▸ What is expected
Word for word, restate the line containing "Give a very brief answer. 3.14." and all the lines that come after it in the entries below. Include nothing from before it.

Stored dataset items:

↓↓↓

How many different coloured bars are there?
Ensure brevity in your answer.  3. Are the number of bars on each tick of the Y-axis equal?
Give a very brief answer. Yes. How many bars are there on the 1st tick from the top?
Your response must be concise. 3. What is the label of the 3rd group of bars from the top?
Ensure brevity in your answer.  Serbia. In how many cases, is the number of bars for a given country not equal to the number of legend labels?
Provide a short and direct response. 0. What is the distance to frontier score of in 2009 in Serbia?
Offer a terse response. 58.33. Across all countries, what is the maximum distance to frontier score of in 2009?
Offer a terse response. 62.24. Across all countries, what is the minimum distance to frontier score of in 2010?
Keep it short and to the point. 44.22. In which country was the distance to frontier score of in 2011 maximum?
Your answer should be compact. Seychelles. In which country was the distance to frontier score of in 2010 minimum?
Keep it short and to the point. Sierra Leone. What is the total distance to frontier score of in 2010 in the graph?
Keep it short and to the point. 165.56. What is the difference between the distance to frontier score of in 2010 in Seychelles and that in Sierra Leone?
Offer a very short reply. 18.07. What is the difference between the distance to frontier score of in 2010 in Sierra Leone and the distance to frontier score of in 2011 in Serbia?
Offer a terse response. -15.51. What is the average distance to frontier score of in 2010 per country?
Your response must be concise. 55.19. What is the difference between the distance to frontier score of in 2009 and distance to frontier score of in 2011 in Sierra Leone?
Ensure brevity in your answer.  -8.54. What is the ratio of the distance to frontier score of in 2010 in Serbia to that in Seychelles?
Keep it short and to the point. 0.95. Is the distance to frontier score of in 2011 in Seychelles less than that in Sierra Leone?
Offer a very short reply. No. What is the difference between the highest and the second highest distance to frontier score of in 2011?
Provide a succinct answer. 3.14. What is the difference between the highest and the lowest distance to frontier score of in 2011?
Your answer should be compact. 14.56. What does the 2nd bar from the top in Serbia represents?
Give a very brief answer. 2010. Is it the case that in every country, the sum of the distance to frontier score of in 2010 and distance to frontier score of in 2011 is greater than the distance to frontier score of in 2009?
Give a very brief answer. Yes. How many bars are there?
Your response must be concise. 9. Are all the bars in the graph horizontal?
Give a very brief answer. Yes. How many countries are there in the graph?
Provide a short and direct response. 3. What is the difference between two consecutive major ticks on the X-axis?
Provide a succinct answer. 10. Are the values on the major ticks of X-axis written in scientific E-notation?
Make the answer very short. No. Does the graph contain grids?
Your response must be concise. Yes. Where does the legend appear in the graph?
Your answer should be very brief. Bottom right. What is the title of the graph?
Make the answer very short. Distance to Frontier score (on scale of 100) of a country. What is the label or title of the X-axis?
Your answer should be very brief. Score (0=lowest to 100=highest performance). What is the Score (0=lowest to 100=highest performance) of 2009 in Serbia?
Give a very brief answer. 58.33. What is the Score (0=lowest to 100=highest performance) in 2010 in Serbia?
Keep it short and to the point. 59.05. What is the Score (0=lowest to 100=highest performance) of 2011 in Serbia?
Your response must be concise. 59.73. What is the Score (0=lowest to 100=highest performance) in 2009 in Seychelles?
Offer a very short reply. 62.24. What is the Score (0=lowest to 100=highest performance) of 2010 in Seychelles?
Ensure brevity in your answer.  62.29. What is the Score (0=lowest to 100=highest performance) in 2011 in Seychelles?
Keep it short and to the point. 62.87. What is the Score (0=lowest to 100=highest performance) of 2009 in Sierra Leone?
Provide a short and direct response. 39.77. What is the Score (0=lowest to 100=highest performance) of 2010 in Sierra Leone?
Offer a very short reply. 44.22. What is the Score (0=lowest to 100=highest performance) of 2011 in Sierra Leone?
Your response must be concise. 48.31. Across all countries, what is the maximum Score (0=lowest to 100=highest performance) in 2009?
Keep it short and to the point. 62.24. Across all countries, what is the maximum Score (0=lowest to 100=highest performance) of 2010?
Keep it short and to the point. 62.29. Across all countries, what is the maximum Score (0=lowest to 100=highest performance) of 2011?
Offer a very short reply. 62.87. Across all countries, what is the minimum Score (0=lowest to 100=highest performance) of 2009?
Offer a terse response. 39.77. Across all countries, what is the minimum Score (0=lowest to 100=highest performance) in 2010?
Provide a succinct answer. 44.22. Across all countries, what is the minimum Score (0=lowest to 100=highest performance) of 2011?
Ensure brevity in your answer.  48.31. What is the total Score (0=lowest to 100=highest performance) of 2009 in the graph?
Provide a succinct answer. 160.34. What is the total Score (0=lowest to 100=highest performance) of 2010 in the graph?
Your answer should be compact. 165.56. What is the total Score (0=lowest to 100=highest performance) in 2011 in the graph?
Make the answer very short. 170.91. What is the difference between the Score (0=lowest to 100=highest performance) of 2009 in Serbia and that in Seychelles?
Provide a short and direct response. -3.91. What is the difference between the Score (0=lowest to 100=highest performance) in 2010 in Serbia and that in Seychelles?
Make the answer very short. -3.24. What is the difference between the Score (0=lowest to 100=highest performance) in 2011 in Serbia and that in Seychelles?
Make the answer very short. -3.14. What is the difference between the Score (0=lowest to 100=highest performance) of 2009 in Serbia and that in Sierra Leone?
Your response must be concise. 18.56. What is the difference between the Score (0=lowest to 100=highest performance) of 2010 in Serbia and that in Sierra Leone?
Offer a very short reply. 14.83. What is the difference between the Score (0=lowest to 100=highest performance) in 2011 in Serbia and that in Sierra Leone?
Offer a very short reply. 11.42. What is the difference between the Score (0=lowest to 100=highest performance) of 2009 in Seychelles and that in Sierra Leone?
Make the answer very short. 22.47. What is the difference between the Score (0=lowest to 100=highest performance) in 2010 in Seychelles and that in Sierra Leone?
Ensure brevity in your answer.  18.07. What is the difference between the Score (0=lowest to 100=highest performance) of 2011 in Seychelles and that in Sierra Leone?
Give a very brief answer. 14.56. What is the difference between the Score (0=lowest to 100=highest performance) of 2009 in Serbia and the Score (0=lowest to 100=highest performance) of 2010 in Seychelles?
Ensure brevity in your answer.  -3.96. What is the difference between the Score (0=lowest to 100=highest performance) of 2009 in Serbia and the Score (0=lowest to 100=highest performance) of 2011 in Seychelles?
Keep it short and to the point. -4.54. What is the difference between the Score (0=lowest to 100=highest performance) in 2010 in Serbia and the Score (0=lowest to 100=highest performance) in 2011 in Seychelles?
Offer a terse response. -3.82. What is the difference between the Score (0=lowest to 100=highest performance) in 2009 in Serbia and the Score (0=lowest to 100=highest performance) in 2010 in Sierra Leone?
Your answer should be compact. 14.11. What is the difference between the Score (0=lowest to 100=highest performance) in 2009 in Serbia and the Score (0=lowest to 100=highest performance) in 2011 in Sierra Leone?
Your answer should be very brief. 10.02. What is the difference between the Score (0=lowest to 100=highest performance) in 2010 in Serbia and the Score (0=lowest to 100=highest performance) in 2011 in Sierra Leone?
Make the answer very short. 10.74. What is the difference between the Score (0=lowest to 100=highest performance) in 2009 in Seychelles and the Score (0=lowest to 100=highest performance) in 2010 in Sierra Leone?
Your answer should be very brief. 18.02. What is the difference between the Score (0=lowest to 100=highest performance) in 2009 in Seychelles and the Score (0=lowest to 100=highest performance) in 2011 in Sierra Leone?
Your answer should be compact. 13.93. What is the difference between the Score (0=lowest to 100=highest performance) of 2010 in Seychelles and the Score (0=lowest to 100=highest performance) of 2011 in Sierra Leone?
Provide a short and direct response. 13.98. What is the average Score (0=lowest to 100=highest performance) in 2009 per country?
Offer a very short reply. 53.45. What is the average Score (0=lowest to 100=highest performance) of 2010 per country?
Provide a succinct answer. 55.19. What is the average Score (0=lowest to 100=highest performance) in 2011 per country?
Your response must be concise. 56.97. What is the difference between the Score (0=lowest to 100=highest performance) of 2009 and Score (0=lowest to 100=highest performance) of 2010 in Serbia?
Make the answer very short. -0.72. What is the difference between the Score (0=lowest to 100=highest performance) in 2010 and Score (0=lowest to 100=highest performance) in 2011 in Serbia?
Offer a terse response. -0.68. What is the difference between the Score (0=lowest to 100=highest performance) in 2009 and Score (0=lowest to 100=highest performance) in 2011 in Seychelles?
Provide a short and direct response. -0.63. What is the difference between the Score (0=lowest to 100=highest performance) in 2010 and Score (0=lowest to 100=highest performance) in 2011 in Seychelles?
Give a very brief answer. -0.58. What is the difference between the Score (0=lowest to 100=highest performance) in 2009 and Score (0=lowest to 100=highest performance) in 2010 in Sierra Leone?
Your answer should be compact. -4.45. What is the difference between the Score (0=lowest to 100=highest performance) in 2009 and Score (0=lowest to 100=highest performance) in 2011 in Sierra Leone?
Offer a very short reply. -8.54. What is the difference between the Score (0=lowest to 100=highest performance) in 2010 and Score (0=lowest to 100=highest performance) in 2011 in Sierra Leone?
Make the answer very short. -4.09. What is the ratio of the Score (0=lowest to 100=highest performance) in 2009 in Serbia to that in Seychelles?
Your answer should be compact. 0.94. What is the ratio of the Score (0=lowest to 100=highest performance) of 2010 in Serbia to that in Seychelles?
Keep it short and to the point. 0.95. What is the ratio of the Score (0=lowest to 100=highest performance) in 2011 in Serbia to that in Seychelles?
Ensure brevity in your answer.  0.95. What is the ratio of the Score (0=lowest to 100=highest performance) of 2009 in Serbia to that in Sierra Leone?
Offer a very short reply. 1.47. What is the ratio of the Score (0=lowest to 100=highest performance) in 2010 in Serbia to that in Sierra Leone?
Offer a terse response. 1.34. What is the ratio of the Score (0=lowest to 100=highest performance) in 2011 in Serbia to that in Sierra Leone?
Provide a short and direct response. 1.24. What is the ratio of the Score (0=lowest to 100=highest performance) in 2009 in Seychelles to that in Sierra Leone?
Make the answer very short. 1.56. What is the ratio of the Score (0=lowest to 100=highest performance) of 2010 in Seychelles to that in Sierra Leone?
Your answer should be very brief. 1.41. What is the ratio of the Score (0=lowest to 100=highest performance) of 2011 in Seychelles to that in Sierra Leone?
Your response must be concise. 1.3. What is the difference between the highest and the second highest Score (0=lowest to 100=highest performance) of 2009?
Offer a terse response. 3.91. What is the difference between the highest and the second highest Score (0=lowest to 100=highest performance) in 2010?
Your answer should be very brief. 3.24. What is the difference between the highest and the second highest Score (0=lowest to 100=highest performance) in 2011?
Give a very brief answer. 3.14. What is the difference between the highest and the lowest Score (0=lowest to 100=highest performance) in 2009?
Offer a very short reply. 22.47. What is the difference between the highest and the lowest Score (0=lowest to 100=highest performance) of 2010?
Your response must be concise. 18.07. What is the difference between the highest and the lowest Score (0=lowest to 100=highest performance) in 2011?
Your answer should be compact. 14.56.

↑↑↑

▸ Output
Give a very brief answer. 3.14. What is the difference between the highest and the lowest Score (0=lowest to 100=highest performance) in 2009?
Offer a very short reply. 22.47. What is the difference between the highest and the lowest Score (0=lowest to 100=highest performance) of 2010?
Your response must be concise. 18.07. What is the difference between the highest and the lowest Score (0=lowest to 100=highest performance) in 2011?
Your answer should be compact. 14.56.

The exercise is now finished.